In der Handball-Verbandsliga Nord hat es die Mannschaft der HSG Osterburg am Wochenende mit Gastgeber Post SV Magdeburg zu tun. Die Biesestädter haben zuletzt zwei Siege in Folge eingefahren.

Osterburg l Zuletzt gelang den Osterburger Männern ein 27:26-Heimsieg über die gewiss starke Mannschaft von Eiche Biederitz.

Dabei offenbarten die Osterburger zwar erneut, dass sie im Laufe der letzten Jahre zu einer kompakten Mannschaft gereift sind, allerdings auch ungewohnte größere Schwächen bei den Abschlusshandlungen.

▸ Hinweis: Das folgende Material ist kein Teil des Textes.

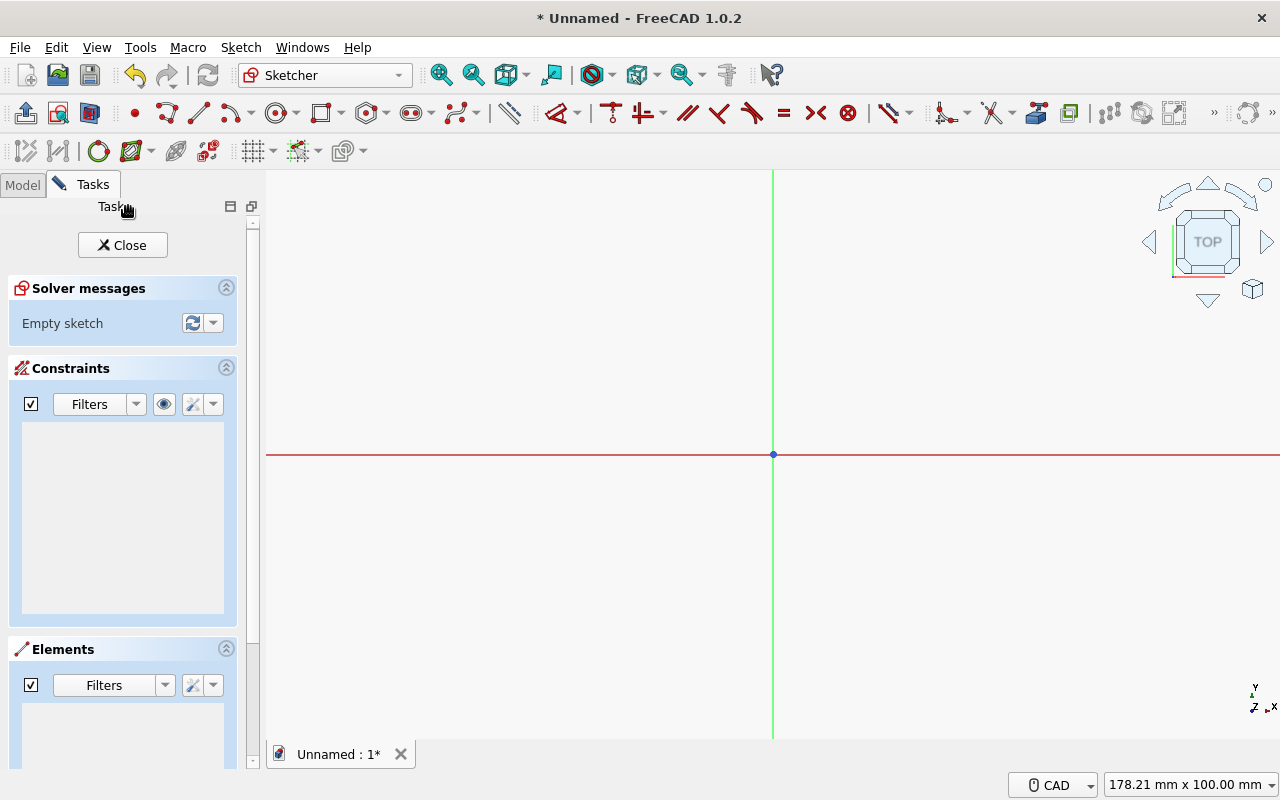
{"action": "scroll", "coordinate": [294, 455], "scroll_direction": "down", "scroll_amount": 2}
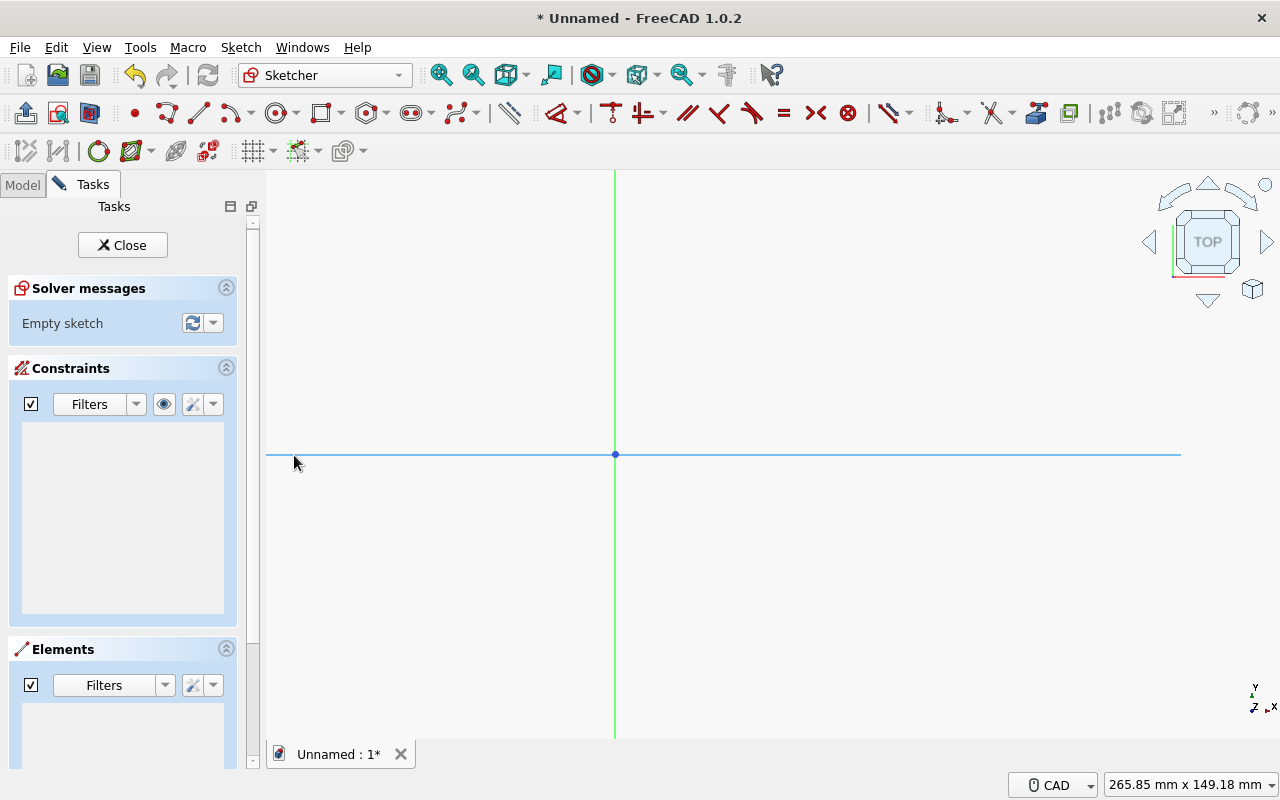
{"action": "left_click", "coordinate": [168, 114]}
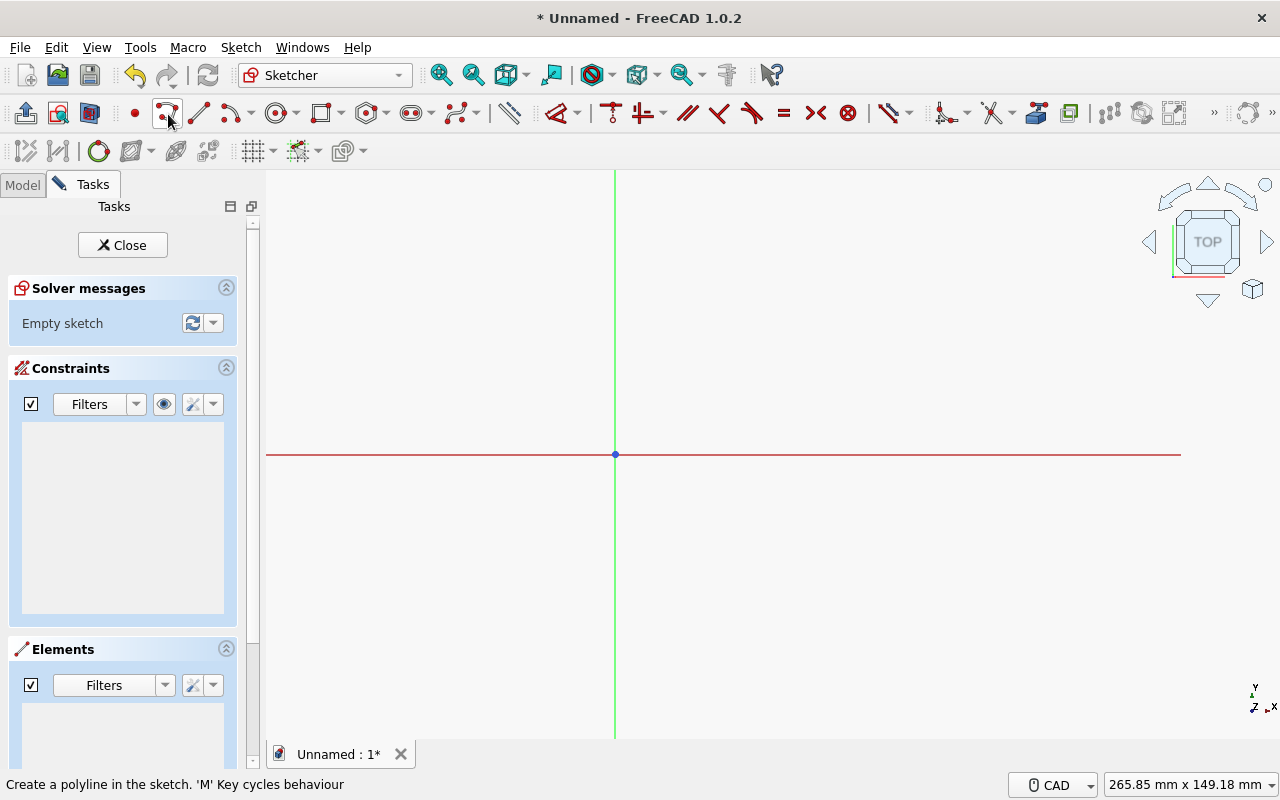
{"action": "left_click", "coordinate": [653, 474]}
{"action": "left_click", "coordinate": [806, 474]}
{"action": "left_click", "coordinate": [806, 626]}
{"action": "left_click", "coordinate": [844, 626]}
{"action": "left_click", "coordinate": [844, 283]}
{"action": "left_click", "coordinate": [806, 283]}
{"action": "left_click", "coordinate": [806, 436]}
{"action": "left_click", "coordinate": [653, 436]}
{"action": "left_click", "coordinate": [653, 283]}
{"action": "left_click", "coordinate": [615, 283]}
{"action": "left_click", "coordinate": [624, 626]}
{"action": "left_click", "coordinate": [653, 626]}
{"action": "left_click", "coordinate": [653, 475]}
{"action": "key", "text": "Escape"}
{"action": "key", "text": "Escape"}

Als Berichterstatter, besonders auch per Foto, bekommt man einen gut hörbaren, bleibenden Eindruck, wenn das Spielobjekt gegen den Pfosten oder die Torlatte des gegnerischen Gehäuses klatscht. Und genau das passierte den Osterburger im Spiel gegen Biederitz ungewöhnlich oft. Darüber hinaus wurde es dem gegnerischen Torhüter oftmals geradezu leicht gemacht, Bälle zu parieren.

"Bei der Chancenverwertung haben wir in dieser Saison ein Problem. In der Partie gegen Biederitz waren es mehr als 25 Fehlwürfe. Auf diesem Gebiet ist noch kräftig zu arbeiten", räumt Guido Eberhardt vom HSG-Trainerstab ein.

Das ist natürlich vor allen Dingen eine Kopfsache. Das Problem bereitete in besagter Partie auch den Osterburger Fans Sorgen. Das Stöhnen angesichts der Vielzahl vergebener Chancen war jedenfalls unmöglich zu überhören.

Angesichts des nächsten HSG-Kontrahenten, der gastgebenden Mannschaft von Post Magdeburg, ist Besserung vonnöten. Die Landeshauptstädter liegen als Siebenter des Klassements (17:13 Punkte) und haben zuletzt beim abstiegsgefährdeten HV Solpke/Mieste mit 25:29 verloren, doch die Spiele zwischen Osterburg und den Postlern waren in der Vergangenheit immer eng.

Auch wenn sich die Biesestädter im Hinspiel am Ende mit 29:24 gegen die Magdeburger durchsetzten, war es eine insgesamt ausgeglichene Partie

Nichts anderes ist auch am Sonnabend ab 16 Uhr in der Sporthalle am Lorenzweg in der Landeshauptstadt zu erwarten.

Die Osterburger Mannschaft, derzeit mit 19:13 Punkten Tabellenvierter, wird dabei weiterhin sicherlich auf Kreismittespieler Paul Papendiek, der nach seiner Handverletzung langsam wieder fit wird, verzichten müssen. Ein kleines Fragezeichen gibt es noch bei Rückraumspieler Thomas Kuhlmann, der sich im Eiche-Match eine blutende Kopfwunde zuzog. Aller Voraussicht nach wird er am Sonnabend jedoch mitwirken können.